The DOYR mnemonic was replaced by MNTH DAYS effective 20240131 18Z. The GOME reader in read_ozone.f90
needs to be updated accordingly. This was done in a working copy of develop
on Cactus. After this change gsi.x
ran to completion in debug mode in 6474.196832 seconds.
Issue #716 was opened to document addition of the required changes to read_ozone.f90
By adding extra debug compiler options ( -init=snan,arrays ) , an apparent mis use of variables was found in read_nsstbufr.f90. To document this fix, a draft pr was created at my fork : https://github.com/TingLei-daprediction/GSI/pull/2.
After this fix was applied for both control and update in global_ens4dvar test, all runs finished "in time". loproc_contrl and loproc_updat produce identical results. But hiproc_contrl and hiproc_updat gave different results . The differences were first shown in initial gradient.
@ADCollard @emilyhcliu @XuLi-NOAA Would you please confirm/correct the fix in read_sstbufr.f90 following "changed files" in the above draft PR?
BTW: I hadn't updated my GSI (both control and update to the current HEAD of GSI to, hopefully, make things simpler).
A reduced version of global_4densvar was run with radiance obs removed. The obs setup in gisparm.anl is as below
OBS_INPUT::
! dfile dtype dplat dsis dval dthin dsfcalc
prepbufr ps null ps 0.0 0 0
prepbufr t null t 0.0 0 0
prepbufr_profl t null t 0.0 0 0
hdobbufr t null t 0.0 0 0
prepbufr q null q 0.0 0 0
prepbufr_profl q null q 0.0 0 0
hdobbufr q null q 0.0 0 0
prepbufr pw null pw 0.0 0 0
prepbufr uv null uv 0.0 0 0
prepbufr_profl uv null uv 0.0 0 0
satwndbufr uv null uv 0.0 0 0
hdobbufr uv null uv 0.0 0 0
prepbufr spd null spd 0.0 0 0
hdobbufr spd null spd 0.0 0 0
prepbufr dw null dw 0.0 0 0
radarbufr rw null rw 0.0 0 0
The similar behavior of GSI was found, namely, loproc_contrl and loproc_updat show identical results while the hiproc ones show differences from the lorproc ones and between themselves. So, the culprit seems not specific to radiance observations.
Another "reduced" version of the global_4densvar still showed the same behavior, in which , only static B was used (namely, a 3DVar with fgat).

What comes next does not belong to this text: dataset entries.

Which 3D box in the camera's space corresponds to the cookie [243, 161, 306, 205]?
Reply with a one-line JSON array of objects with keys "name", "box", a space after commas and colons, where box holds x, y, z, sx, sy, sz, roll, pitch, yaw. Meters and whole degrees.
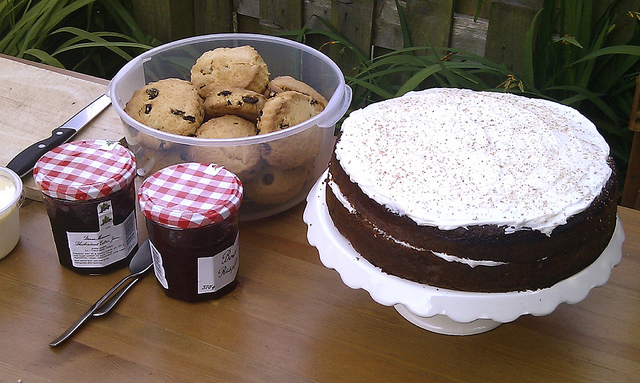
[{"name": "cookie", "box": [-0.103, -0.031, 1.401, 0.121, 0.086, 0.189, -5, 25, -4]}]

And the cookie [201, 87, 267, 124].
[{"name": "cookie", "box": [-0.191, -0.199, 1.384, 0.173, 0.159, 0.063, 2, 85, 0]}]

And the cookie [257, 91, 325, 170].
[{"name": "cookie", "box": [-0.052, -0.143, 1.328, 0.216, 0.140, 0.109, -30, 53, -29]}]

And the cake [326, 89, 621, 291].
[{"name": "cake", "box": [0.300, -0.013, 1.183, 0.557, 0.198, 0.383, 0, 44, -2]}]

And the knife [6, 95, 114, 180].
[{"name": "knife", "box": [-0.613, -0.122, 1.378, 0.047, 0.032, 0.333, 36, 43, 2]}]

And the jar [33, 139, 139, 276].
[{"name": "jar", "box": [-0.490, 0.022, 1.280, 0.205, 0.210, 0.254, -14, 47, -16]}]

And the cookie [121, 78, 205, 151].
[{"name": "cookie", "box": [-0.356, -0.177, 1.350, 0.182, 0.099, 0.182, 13, 45, 10]}]

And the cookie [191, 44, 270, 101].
[{"name": "cookie", "box": [-0.215, -0.275, 1.383, 0.149, 0.072, 0.111, -5, 73, -2]}]

An interesting findings: running global_4densvar test with a reduced setup as in the previous runs ( only 2 global members were used), when factqmin=factqmax=0 ( namely this constraint is turned off), this test would indeed succeed (only with " Failure of max-time in the regression test"). So further digging on this issue could focus on the related codes/steps.

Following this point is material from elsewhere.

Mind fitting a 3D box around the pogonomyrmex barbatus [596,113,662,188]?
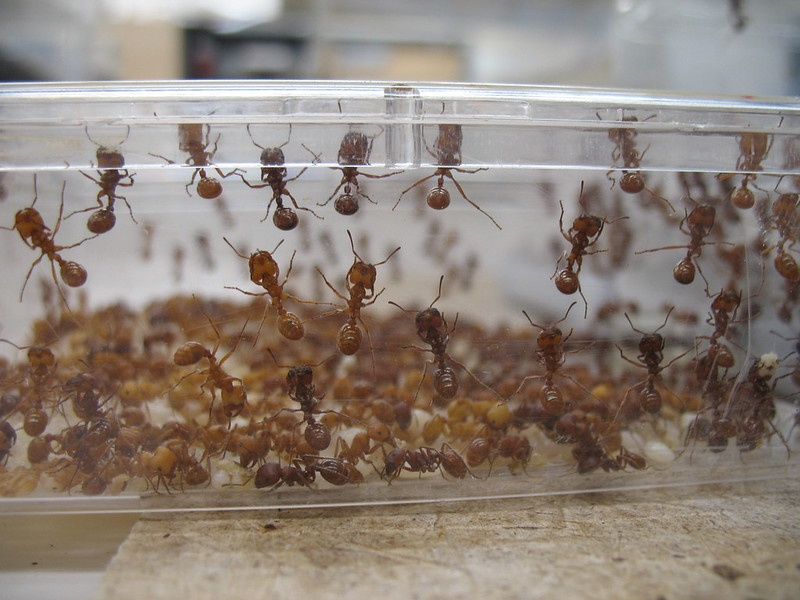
[{"bbox_3d":[1.292,-0.836,5.041,0.281,0.426,0.126,2,16,7],"label":"pogonomyrmex barbatus"}]

Another update: using debug mode built GSI, the global_4densvar failed on hera for the same reason as on wcoss2, though GSI (both update and contrl) hasn't been updated to the current head of emc gsi.
A modification within one OpenMP directive appears to have addressed the reproducibility issue observed between loproc and hiproc runs in the reduced version of global_4denvar ( only use 2 members and the maximum inner iteration steps of 5 ).

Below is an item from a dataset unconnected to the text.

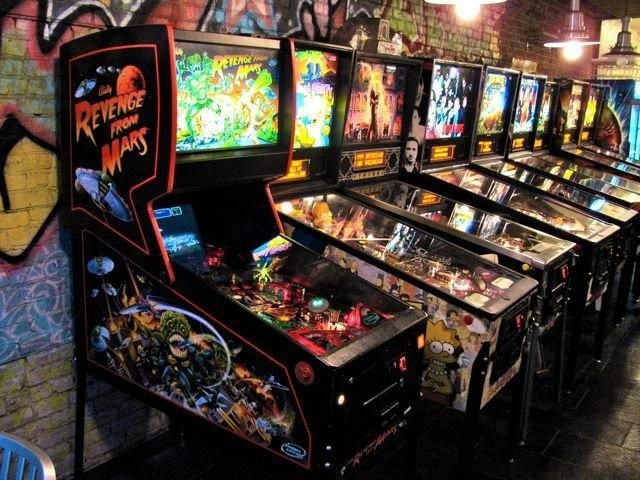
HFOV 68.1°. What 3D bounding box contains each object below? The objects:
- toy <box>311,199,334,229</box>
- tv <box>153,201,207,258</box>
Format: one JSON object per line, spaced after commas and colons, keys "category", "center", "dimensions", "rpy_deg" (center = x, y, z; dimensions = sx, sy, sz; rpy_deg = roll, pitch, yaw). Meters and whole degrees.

The changes can be reviewed https://github.com/TingLei-daprediction/GSI/pull/2/files#diff-ff9860deeec140b2a1307734f3bf0ba00df64a66ae682aea121de529536926bf.
I will update the control and the PR to the current head of EMC GSI and see if GSI works as expected.
An update on the global_4densvar using update and control updated with the current head of EMC GSI develop branch. The GSI are built with the debug mode (but for the control GSI, -init=snan was not used, otherwise the control run would fail as reported for the issue in read_nsstbufr.f90). As expected, the loproc_contrl = lorpoc_updat and loproc_updat=hiproc_update, but loproc_contrl != hiproc_contrl. @RussTreadon-NOAA Do you think I should open a separate PR for changes mentioned in this issue for review or they could be in the current PR https://github.com/NOAA-EMC/GSI/pull/698 ?
I suggest a separate PR for the intjcmod.f90
omp bug fix. PR #698 addresses a different problem.
On wcoss2, when GSI is built with the debug mode, GSI would become idle and the job would finally be killed for , like ,
the error message would show:
The line 311 in genstat_gps.f90 is
The reason for GSI hanging at this point needs to be investigated. Added on Mar. 15,2024, another issue was found that loproc_updat !=hiproc_updat and loproc_contrl !=hirpoc_contrl and hirpoc_updat !=hirpoc_contrl , only loproc_contrl=loproc_updat.